- [Exercise details] Only one stretch of the records below is wanted: the lines from the one holding "#12 boot [0,321,22,378]" through the one holding "Output: a one-line". Return it exactly, both ends included.
(Beginning of Extracted entries)
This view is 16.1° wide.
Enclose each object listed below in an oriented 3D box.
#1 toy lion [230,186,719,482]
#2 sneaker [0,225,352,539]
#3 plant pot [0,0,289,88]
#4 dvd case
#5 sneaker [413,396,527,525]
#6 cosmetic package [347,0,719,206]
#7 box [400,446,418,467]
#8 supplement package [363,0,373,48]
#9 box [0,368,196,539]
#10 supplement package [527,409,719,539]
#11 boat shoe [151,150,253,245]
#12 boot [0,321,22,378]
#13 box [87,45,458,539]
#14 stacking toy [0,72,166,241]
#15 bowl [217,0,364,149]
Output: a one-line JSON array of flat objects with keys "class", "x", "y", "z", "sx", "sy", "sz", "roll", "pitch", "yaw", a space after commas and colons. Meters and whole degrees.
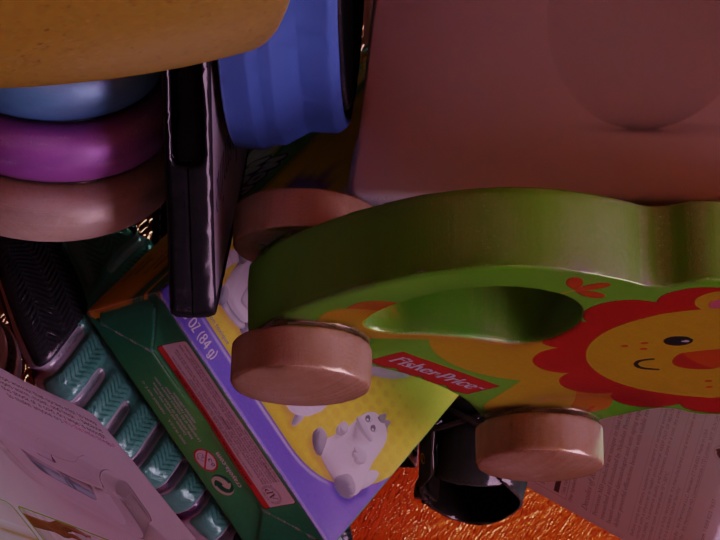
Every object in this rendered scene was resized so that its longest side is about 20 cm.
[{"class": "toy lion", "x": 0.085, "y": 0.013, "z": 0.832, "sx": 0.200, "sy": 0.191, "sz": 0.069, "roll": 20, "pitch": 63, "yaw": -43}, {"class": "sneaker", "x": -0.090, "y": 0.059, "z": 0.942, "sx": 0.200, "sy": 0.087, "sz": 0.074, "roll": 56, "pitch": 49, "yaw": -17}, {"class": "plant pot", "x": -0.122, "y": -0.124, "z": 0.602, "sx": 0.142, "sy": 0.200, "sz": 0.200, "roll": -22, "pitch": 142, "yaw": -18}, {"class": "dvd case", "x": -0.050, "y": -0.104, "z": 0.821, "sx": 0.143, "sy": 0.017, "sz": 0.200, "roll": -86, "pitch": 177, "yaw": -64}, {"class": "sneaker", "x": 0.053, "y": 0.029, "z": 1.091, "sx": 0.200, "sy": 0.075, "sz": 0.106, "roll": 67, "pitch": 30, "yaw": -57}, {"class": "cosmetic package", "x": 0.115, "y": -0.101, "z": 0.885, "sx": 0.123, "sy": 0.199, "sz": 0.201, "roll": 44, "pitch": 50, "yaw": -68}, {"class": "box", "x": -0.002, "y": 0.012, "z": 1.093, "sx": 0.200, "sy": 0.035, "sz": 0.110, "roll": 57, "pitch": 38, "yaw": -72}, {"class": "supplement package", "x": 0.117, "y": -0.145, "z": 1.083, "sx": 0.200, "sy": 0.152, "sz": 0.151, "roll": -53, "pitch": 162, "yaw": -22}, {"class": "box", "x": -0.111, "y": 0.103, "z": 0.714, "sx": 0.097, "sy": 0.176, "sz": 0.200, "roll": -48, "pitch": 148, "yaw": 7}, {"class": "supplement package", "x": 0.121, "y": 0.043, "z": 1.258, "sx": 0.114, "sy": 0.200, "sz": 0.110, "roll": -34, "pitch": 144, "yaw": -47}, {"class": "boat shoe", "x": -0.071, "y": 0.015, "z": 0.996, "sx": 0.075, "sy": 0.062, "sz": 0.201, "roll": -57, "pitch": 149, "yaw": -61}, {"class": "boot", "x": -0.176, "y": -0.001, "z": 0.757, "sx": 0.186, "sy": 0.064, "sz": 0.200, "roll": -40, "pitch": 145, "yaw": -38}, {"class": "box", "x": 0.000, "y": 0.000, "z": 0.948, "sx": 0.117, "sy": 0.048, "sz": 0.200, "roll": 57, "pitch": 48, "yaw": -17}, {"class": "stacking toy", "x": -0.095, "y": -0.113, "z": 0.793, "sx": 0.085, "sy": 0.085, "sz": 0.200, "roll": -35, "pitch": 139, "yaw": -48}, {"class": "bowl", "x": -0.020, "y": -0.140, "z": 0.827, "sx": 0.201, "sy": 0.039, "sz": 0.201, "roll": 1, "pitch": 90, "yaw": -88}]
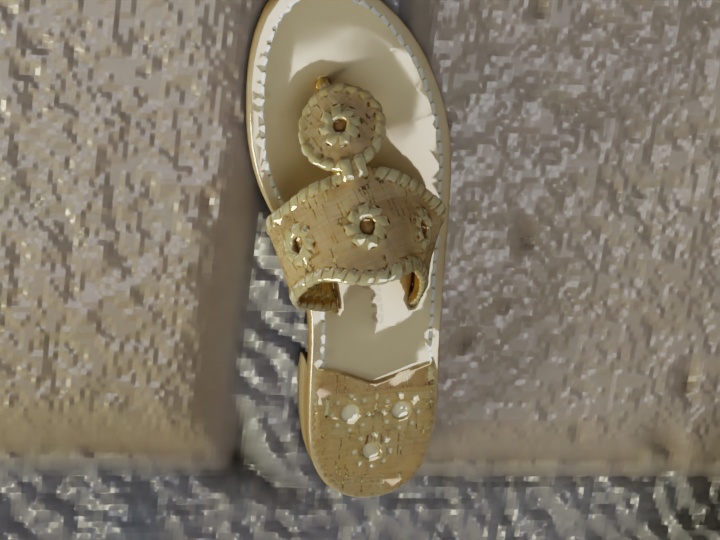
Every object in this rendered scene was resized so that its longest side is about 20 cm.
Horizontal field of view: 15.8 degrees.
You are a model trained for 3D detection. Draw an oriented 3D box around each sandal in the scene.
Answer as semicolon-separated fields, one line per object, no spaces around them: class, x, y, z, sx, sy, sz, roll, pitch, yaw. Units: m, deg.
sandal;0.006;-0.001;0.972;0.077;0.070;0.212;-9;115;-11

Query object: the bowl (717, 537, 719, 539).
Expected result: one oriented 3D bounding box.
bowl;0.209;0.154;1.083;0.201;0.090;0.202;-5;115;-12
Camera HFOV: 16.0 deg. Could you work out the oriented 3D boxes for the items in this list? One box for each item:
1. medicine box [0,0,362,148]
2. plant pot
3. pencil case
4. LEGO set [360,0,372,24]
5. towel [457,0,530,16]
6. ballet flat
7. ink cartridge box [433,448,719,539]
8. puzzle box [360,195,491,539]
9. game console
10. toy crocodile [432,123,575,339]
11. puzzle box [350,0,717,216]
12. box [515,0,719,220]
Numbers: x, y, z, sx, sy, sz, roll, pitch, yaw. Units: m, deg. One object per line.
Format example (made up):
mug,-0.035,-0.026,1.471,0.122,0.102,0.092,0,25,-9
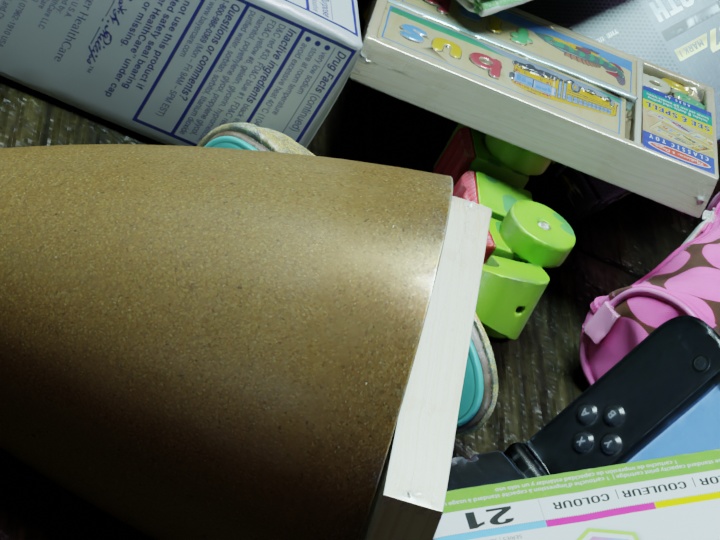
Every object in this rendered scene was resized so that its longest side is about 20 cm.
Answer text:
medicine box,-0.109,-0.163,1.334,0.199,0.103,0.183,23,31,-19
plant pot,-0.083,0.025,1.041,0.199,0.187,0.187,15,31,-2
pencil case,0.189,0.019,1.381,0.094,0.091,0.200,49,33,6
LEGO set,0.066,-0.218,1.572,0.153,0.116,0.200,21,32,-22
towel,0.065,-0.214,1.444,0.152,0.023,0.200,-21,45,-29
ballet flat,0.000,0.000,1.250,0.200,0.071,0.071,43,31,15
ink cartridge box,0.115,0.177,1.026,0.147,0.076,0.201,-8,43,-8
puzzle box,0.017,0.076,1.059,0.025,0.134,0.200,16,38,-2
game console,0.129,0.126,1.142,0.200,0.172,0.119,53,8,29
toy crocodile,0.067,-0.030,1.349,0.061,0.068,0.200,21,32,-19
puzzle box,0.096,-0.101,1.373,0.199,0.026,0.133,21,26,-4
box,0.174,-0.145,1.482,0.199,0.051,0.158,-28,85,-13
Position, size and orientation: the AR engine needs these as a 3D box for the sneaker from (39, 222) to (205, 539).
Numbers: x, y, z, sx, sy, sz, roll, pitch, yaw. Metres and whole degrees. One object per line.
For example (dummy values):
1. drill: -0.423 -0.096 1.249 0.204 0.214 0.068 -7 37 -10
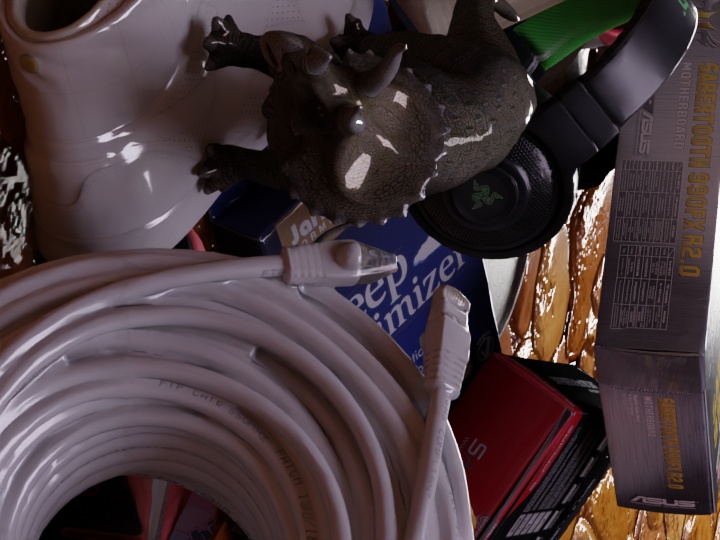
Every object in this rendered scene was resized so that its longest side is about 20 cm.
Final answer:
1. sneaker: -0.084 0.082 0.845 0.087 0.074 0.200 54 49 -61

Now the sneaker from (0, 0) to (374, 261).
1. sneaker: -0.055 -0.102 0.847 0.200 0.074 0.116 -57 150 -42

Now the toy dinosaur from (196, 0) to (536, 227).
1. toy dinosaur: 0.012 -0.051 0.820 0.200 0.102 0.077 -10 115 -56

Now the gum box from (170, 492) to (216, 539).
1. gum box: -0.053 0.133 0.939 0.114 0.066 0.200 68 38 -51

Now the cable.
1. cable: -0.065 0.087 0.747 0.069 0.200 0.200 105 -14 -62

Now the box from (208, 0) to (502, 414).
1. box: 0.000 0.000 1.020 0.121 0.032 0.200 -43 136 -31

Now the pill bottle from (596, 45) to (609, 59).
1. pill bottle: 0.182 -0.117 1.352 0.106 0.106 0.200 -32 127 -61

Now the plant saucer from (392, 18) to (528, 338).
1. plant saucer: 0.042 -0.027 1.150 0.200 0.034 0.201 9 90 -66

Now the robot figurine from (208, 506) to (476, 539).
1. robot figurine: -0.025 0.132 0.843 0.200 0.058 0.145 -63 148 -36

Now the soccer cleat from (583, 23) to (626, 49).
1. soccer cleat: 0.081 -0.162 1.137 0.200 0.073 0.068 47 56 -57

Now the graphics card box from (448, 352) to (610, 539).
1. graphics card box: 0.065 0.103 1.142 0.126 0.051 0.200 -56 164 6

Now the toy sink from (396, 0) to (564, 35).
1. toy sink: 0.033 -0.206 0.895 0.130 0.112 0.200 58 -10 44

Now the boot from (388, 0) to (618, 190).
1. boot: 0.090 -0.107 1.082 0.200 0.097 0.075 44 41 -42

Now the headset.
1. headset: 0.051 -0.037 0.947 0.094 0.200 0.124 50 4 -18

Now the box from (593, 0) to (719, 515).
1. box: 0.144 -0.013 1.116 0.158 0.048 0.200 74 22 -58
(End of Extracted entries)
- [Result of this task]
#12 boot [0,321,22,378]
#13 box [87,45,458,539]
#14 stacking toy [0,72,166,241]
#15 bowl [217,0,364,149]
Output: a one-line JSON array of flat objects with keys "class", "x", "y", "z", "sx", "sy", "sz", "roll", "pitch", "yaw", a space after commas and colons. Meters and whole degrees.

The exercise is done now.